Приписать содержащиеся в поэмах Гомера сведения фантазии поэта было, несомненно, гораздо проще, чем согласиться с тем, что за эпохой высокой цивилизации последовала эпоха упадка с его варварством, а затем новый подъем эллинской культуры.
Но подобные взгляды не могли сбить с пути Шлимана. Он жил в мире Гомера, и для него все, что сообщал Гомер, было подлинной реальностью. В этом он, в свои сорок шесть лет, недалеко ушел от того мальчика, который когда-то рассматривал рисунок, изображающий бегство Энея. Когда он перечитывал описание щита Агамемнона или те места, где во всех деталях описывались боевые колесницы, оружие, утварь, он нисколько не сомневался, что перед ним реально существовавший греческий мир.
Все эти герои, Ахилл и Патрокл, Гектор и Эней, все их деяния, их дружба, ненависть и любовь – все это лишь плод фантазии? Нет. Он верил в их существование, и он знал: его веру разделяли великие историки древности Геродот и Фукидид, которые везде говорили о Троянской войне как об истинном происшествии, а о ее героях – как о реально существовавших людях.
С этой верой миллионер Генрих Шлиман и отправился на сорок шестом году жизни в свое путешествие в царство ахейцев. Можно себе представить, насколько возрос его энтузиазм, когда он узнал, что жену кузнеца – первого из местных жителей, с которым он познакомился на Итаке, – звали Пенелопа, а ее сыновей – Одиссей и Телемах!

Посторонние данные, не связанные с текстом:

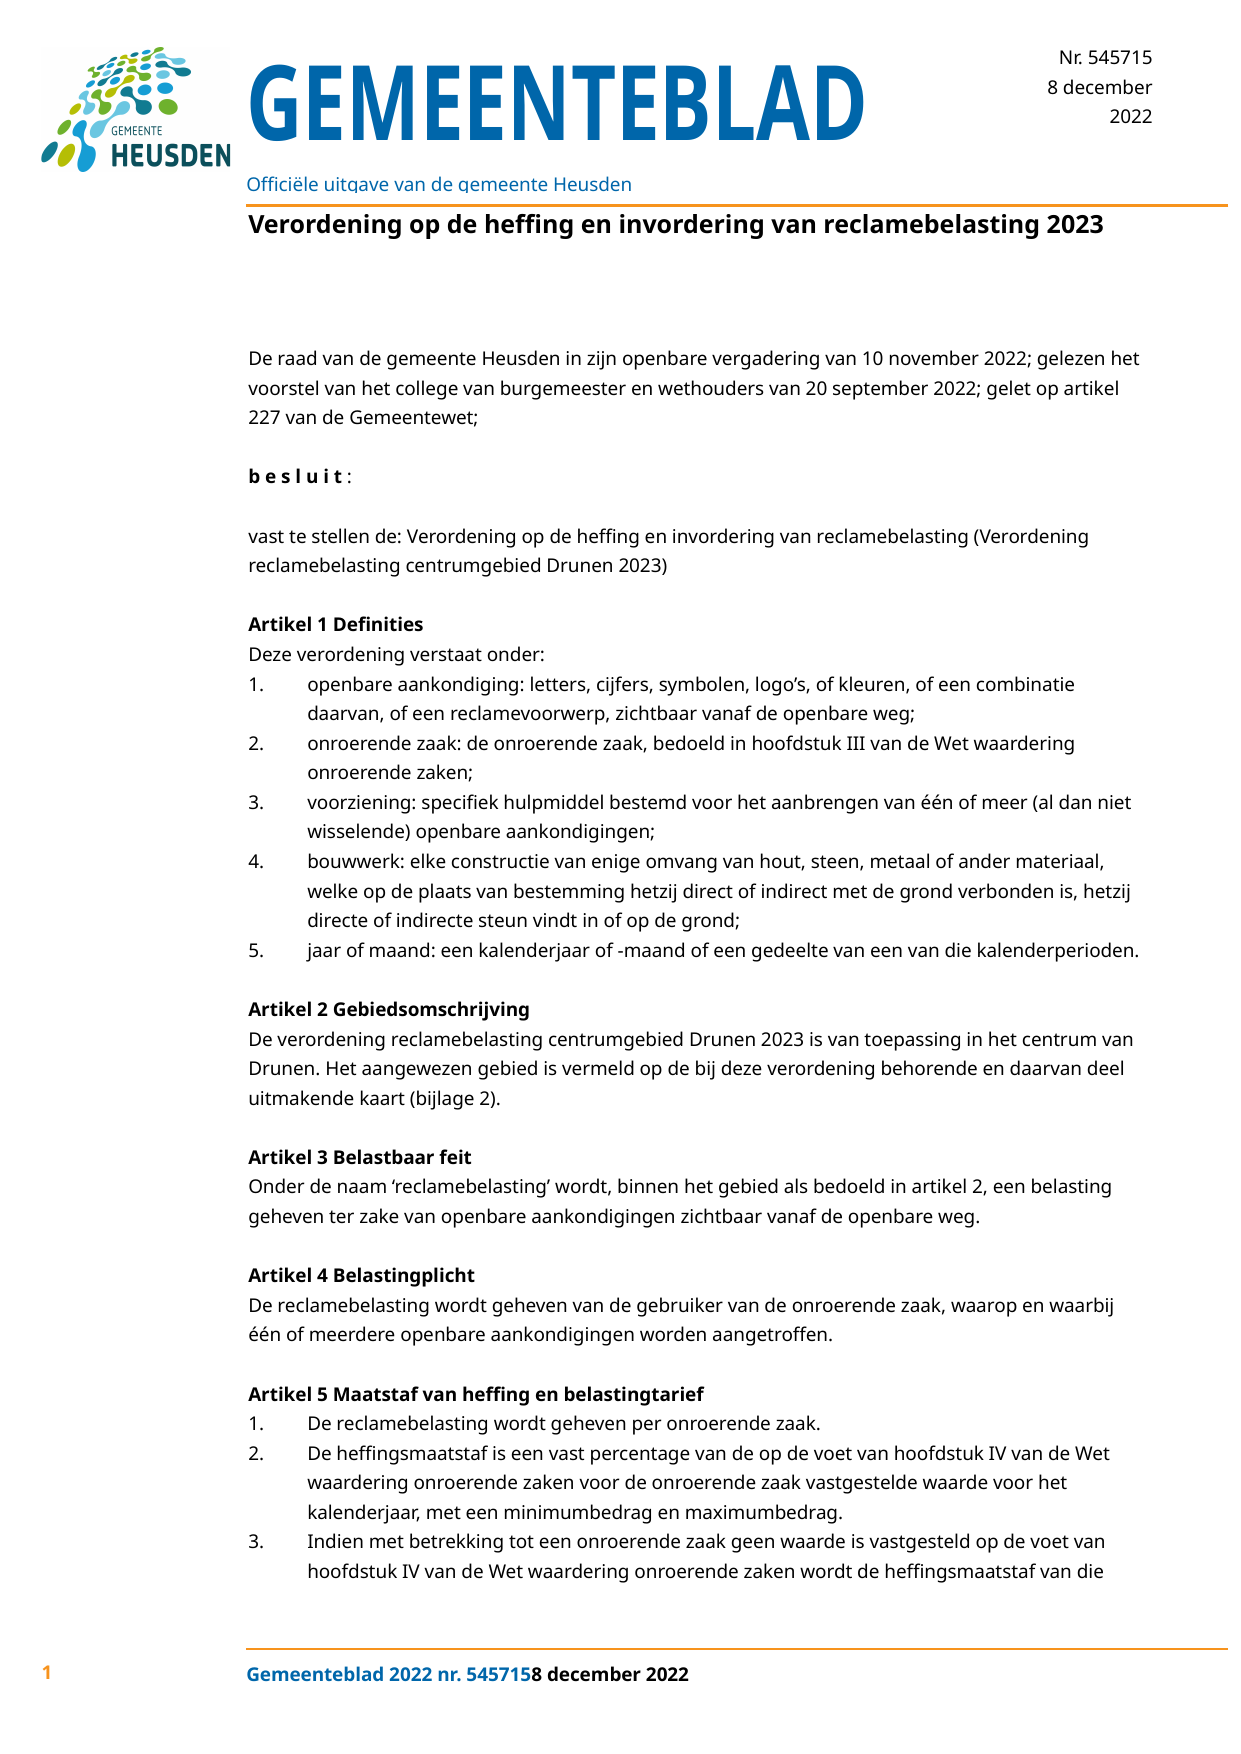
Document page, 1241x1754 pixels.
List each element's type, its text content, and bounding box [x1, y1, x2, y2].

Это звучит неправдоподобно, но тем не менее так было: вечером на деревенской площади сидел богатый чудаковатый иностранец и читал потомкам тех, кто умер три тысячи лет назад, XXIII песнь «Одиссеи». При этом его охватило такое волнение, что он заплакал. А вместе с ним плакали местные жители – и мужчины, и женщины.
Все, что произошло затем, похоже на чудо. Где и когда в истории один лишь энтузиазм приводил к успеху? Расхожее мнение, что успех решают знания, в данном случае не вполне справедливо. Хотя бы потому, что утверждение, будто Шлиман уже в первые годы своей научной деятельности был знатоком в области археологии, по меньшей мере, спорно. И все-таки удача сопутствовала ему, как никому.